Syrian regime forces were locked in clashes with jihadists and allied rebels in a key highway town in northwest Syria Thursday, a monitor said, despite Turkey warning pro-government fighters to back off.

Ankara sent in reinforcements north of the town of Saraqeb overnight after Wednesday's warnings, prompting Syria's army to accuse Turkey of seeking to hamper its military operation.

In recent months, Russia-backed regime forces have upped their deadly bombardment on Idlib in northwestern Syria, chipping away at the southern edge of the jihadist-dominated region.

On Wednesday, they broke into Saraqeb, which lies at the crossroads of two key highways criss-crossing Idlib province, the last major rebel bastion in Syria.

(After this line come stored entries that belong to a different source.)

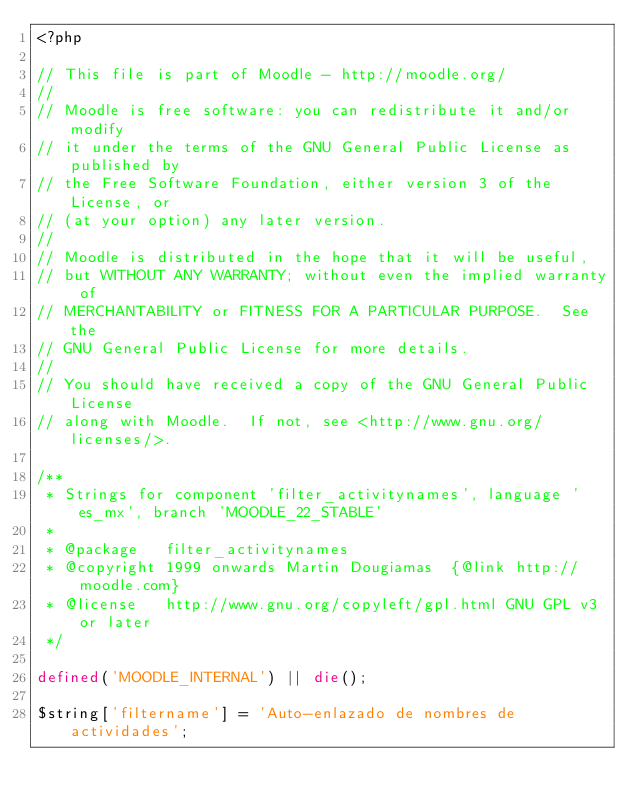Convert code to text. <code><loc_0><loc_0><loc_500><loc_500><_PHP_><?php

// This file is part of Moodle - http://moodle.org/
//
// Moodle is free software: you can redistribute it and/or modify
// it under the terms of the GNU General Public License as published by
// the Free Software Foundation, either version 3 of the License, or
// (at your option) any later version.
//
// Moodle is distributed in the hope that it will be useful,
// but WITHOUT ANY WARRANTY; without even the implied warranty of
// MERCHANTABILITY or FITNESS FOR A PARTICULAR PURPOSE.  See the
// GNU General Public License for more details.
//
// You should have received a copy of the GNU General Public License
// along with Moodle.  If not, see <http://www.gnu.org/licenses/>.

/**
 * Strings for component 'filter_activitynames', language 'es_mx', branch 'MOODLE_22_STABLE'
 *
 * @package   filter_activitynames
 * @copyright 1999 onwards Martin Dougiamas  {@link http://moodle.com}
 * @license   http://www.gnu.org/copyleft/gpl.html GNU GPL v3 or later
 */

defined('MOODLE_INTERNAL') || die();

$string['filtername'] = 'Auto-enlazado de nombres de actividades';
</code> 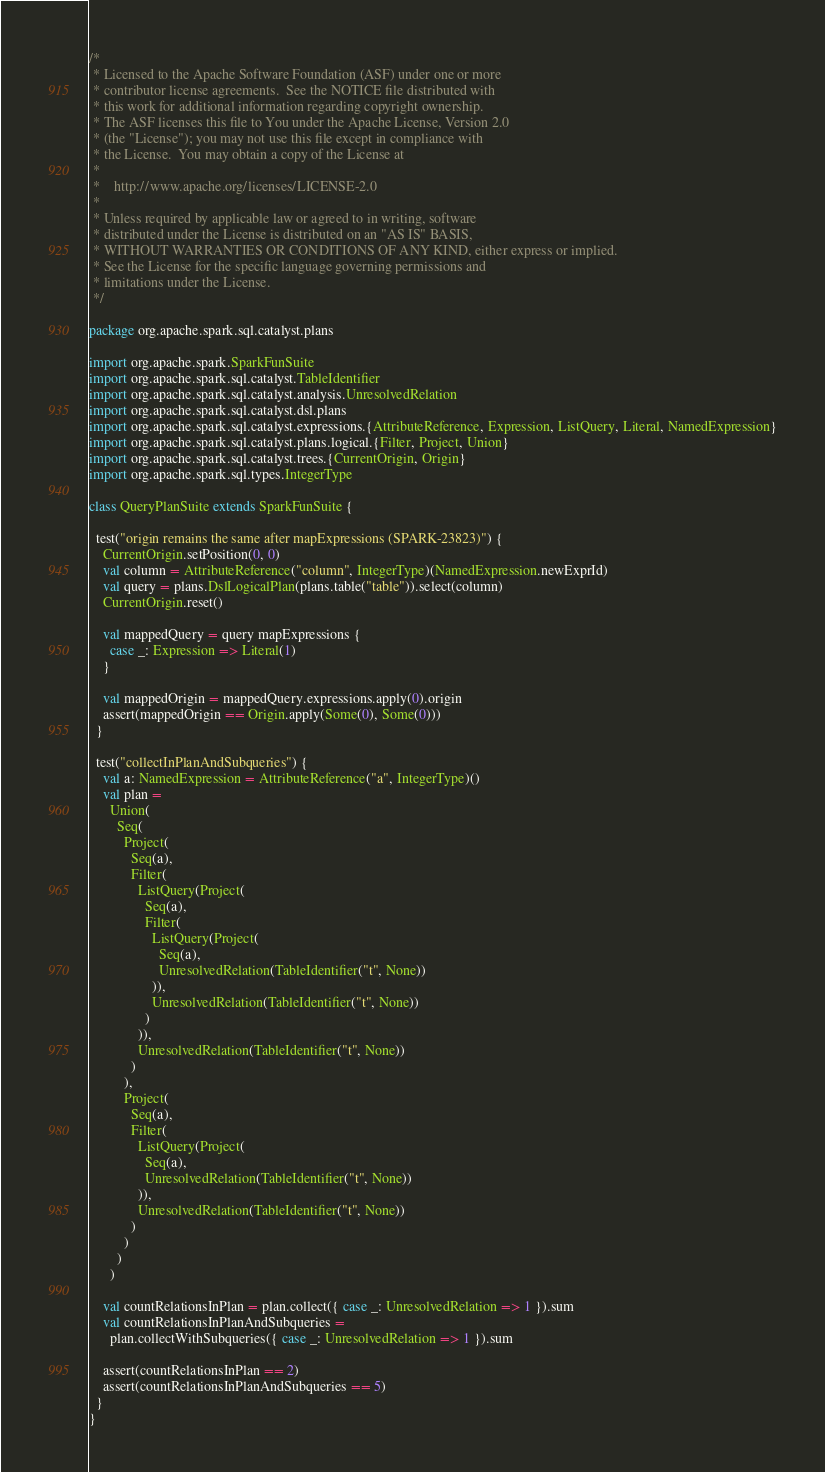Convert code to text. <code><loc_0><loc_0><loc_500><loc_500><_Scala_>/*
 * Licensed to the Apache Software Foundation (ASF) under one or more
 * contributor license agreements.  See the NOTICE file distributed with
 * this work for additional information regarding copyright ownership.
 * The ASF licenses this file to You under the Apache License, Version 2.0
 * (the "License"); you may not use this file except in compliance with
 * the License.  You may obtain a copy of the License at
 *
 *    http://www.apache.org/licenses/LICENSE-2.0
 *
 * Unless required by applicable law or agreed to in writing, software
 * distributed under the License is distributed on an "AS IS" BASIS,
 * WITHOUT WARRANTIES OR CONDITIONS OF ANY KIND, either express or implied.
 * See the License for the specific language governing permissions and
 * limitations under the License.
 */

package org.apache.spark.sql.catalyst.plans

import org.apache.spark.SparkFunSuite
import org.apache.spark.sql.catalyst.TableIdentifier
import org.apache.spark.sql.catalyst.analysis.UnresolvedRelation
import org.apache.spark.sql.catalyst.dsl.plans
import org.apache.spark.sql.catalyst.expressions.{AttributeReference, Expression, ListQuery, Literal, NamedExpression}
import org.apache.spark.sql.catalyst.plans.logical.{Filter, Project, Union}
import org.apache.spark.sql.catalyst.trees.{CurrentOrigin, Origin}
import org.apache.spark.sql.types.IntegerType

class QueryPlanSuite extends SparkFunSuite {

  test("origin remains the same after mapExpressions (SPARK-23823)") {
    CurrentOrigin.setPosition(0, 0)
    val column = AttributeReference("column", IntegerType)(NamedExpression.newExprId)
    val query = plans.DslLogicalPlan(plans.table("table")).select(column)
    CurrentOrigin.reset()

    val mappedQuery = query mapExpressions {
      case _: Expression => Literal(1)
    }

    val mappedOrigin = mappedQuery.expressions.apply(0).origin
    assert(mappedOrigin == Origin.apply(Some(0), Some(0)))
  }

  test("collectInPlanAndSubqueries") {
    val a: NamedExpression = AttributeReference("a", IntegerType)()
    val plan =
      Union(
        Seq(
          Project(
            Seq(a),
            Filter(
              ListQuery(Project(
                Seq(a),
                Filter(
                  ListQuery(Project(
                    Seq(a),
                    UnresolvedRelation(TableIdentifier("t", None))
                  )),
                  UnresolvedRelation(TableIdentifier("t", None))
                )
              )),
              UnresolvedRelation(TableIdentifier("t", None))
            )
          ),
          Project(
            Seq(a),
            Filter(
              ListQuery(Project(
                Seq(a),
                UnresolvedRelation(TableIdentifier("t", None))
              )),
              UnresolvedRelation(TableIdentifier("t", None))
            )
          )
        )
      )

    val countRelationsInPlan = plan.collect({ case _: UnresolvedRelation => 1 }).sum
    val countRelationsInPlanAndSubqueries =
      plan.collectWithSubqueries({ case _: UnresolvedRelation => 1 }).sum

    assert(countRelationsInPlan == 2)
    assert(countRelationsInPlanAndSubqueries == 5)
  }
}
</code>

"Fighting is ongoing in the south of the town of Saraqeb," the Syrian Observatory for Human Rights said.

There were also clashes to the north, west and south of the town, backed by Turkish artillery fire, the Britain-based monitor said. Ankara did not confirm its involvement.

Early Thursday, Turkish troops arrived in the area of Taftanaz, some 16 kilometres (10 miles) north, it said.

The Syrian army in a statement accused the Turks of obstructing its advance and "impeding it from completely stamping out the organised terrorism besieging civilians in Idlib province".

The comments came a day after President Recep Tayyip Erdogan said Turkey would "take matters into its own hands" if the regime did not pull back.

Tension mounted after Turkish and regime forces on Monday exchanged deadly fire in a rare escalation that killed more than 20 people on both sides.

The uptick in bombardment of the region of some three million people has killed more than 300 civilians since mid-December, including six on Thursday, the Observatory said.

The United Nations and aid groups have called for an immediate end to the violence, which has pushed more than 500,000 people from their homes in two months.

The European Union on Thursday also called for an end to the bombings in northwest Syria and the opening of a humanitarian corridor.

The United States late Wednesday offered help to Turkey and threatened sanctions to press Syria and its ally Russia to halt the offensive.

Syria's war has killed more than 380,000 people and displaced millions since it started in 2011 with the brutal repression of protests against President Bashar al-Assad.